*YOUR INSTRUCTIONS:* The line containing "#3 rack frame [843,306,904,537]", plus every line that follows it to the end of the listing below, is what you transcribe exactly; omit all pictures.

*RECORDED DATA:*
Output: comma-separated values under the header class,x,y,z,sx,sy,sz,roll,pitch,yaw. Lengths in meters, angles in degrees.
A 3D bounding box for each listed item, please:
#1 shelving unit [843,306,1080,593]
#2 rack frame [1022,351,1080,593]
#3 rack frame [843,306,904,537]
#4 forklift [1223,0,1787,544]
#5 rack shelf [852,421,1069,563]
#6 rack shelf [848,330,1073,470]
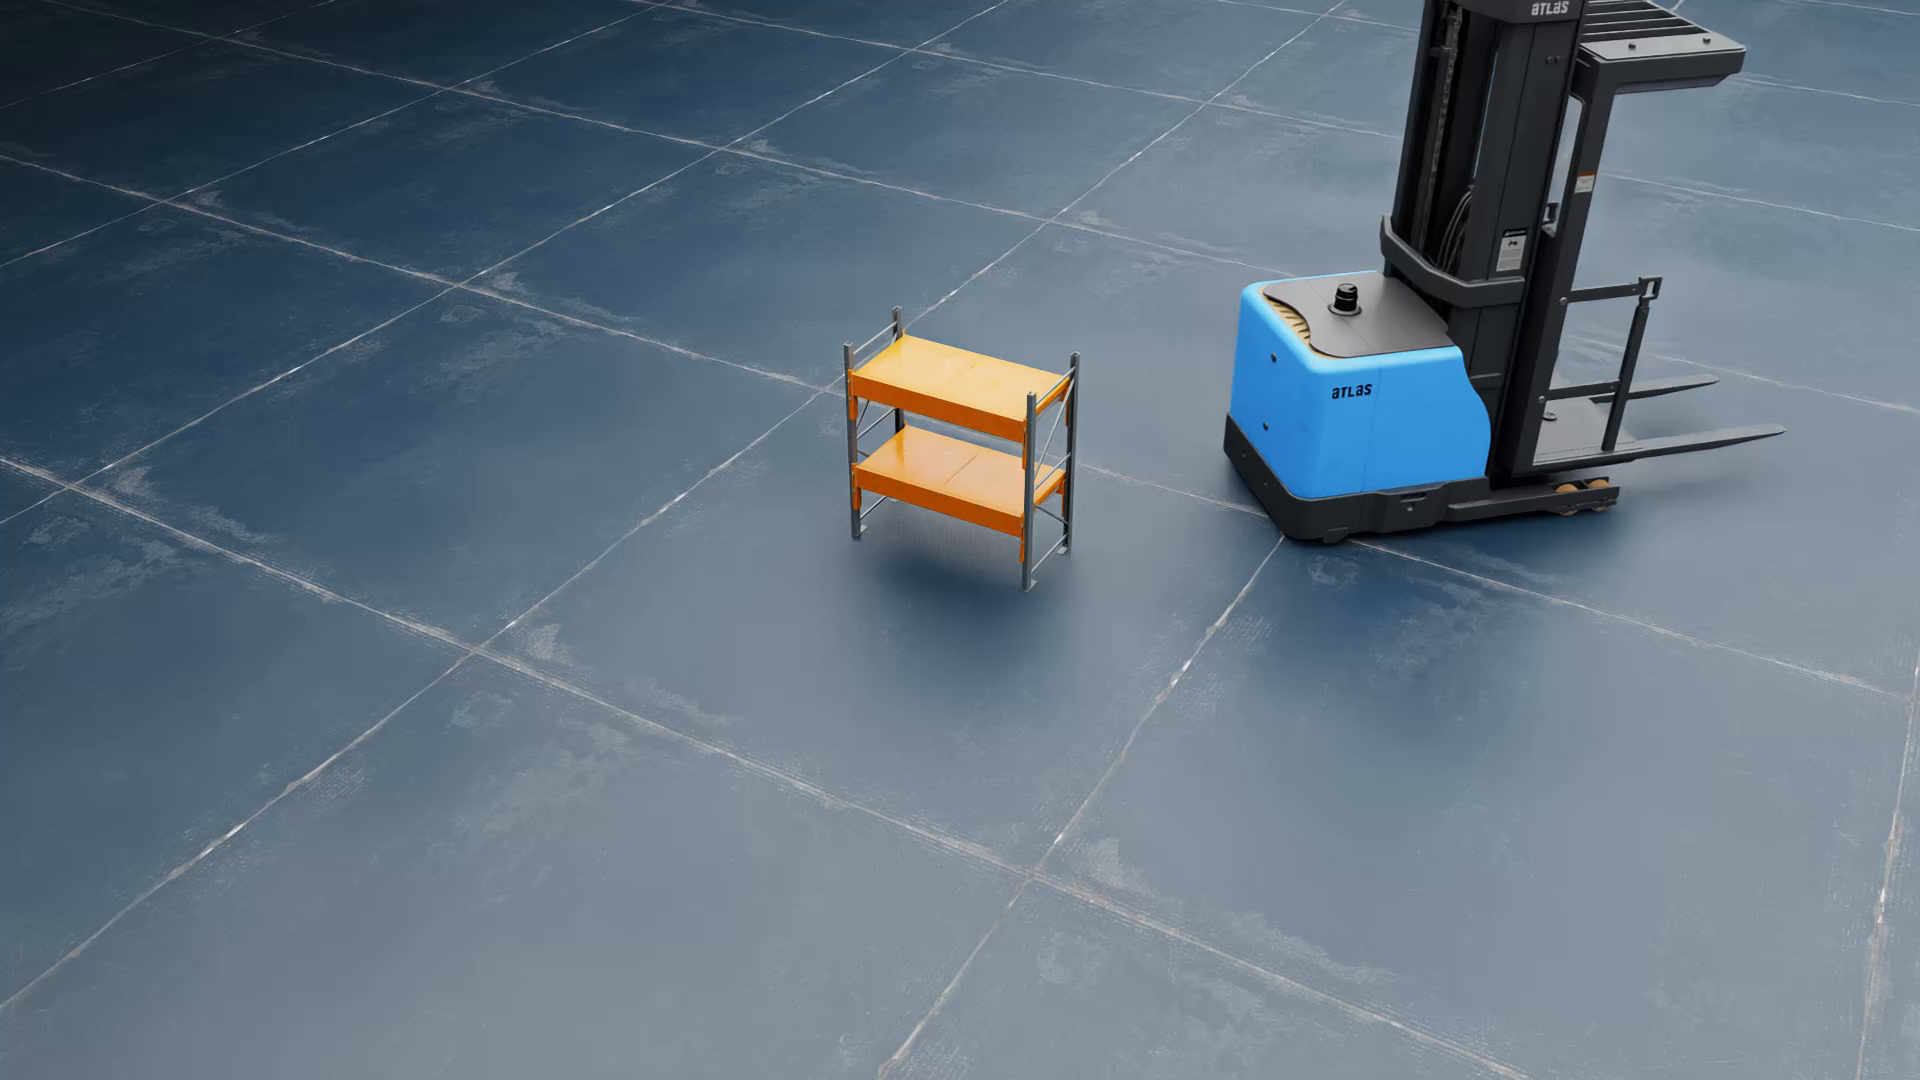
class,x,y,z,sx,sy,sz,roll,pitch,yaw
shelving unit,0.006,-0.466,8.435,1.048,1.125,0.538,18,37,24
rack frame,0.447,-0.327,8.225,0.032,1.125,0.500,18,37,24
rack frame,-0.435,-0.606,8.645,0.032,1.125,0.500,18,37,24
forklift,3.060,-1.629,8.551,3.031,2.935,1.130,-8,34,-11
rack shelf,0.006,-0.263,8.571,1.000,0.278,0.538,18,37,24
rack shelf,0.006,-0.710,8.273,1.000,0.278,0.538,18,37,24

*OUTPUT BELOW:*
#3 rack frame [843,306,904,537]
#4 forklift [1223,0,1787,544]
#5 rack shelf [852,421,1069,563]
#6 rack shelf [848,330,1073,470]
class,x,y,z,sx,sy,sz,roll,pitch,yaw
shelving unit,0.006,-0.466,8.435,1.048,1.125,0.538,18,37,24
rack frame,0.447,-0.327,8.225,0.032,1.125,0.500,18,37,24
rack frame,-0.435,-0.606,8.645,0.032,1.125,0.500,18,37,24
forklift,3.060,-1.629,8.551,3.031,2.935,1.130,-8,34,-11
rack shelf,0.006,-0.263,8.571,1.000,0.278,0.538,18,37,24
rack shelf,0.006,-0.710,8.273,1.000,0.278,0.538,18,37,24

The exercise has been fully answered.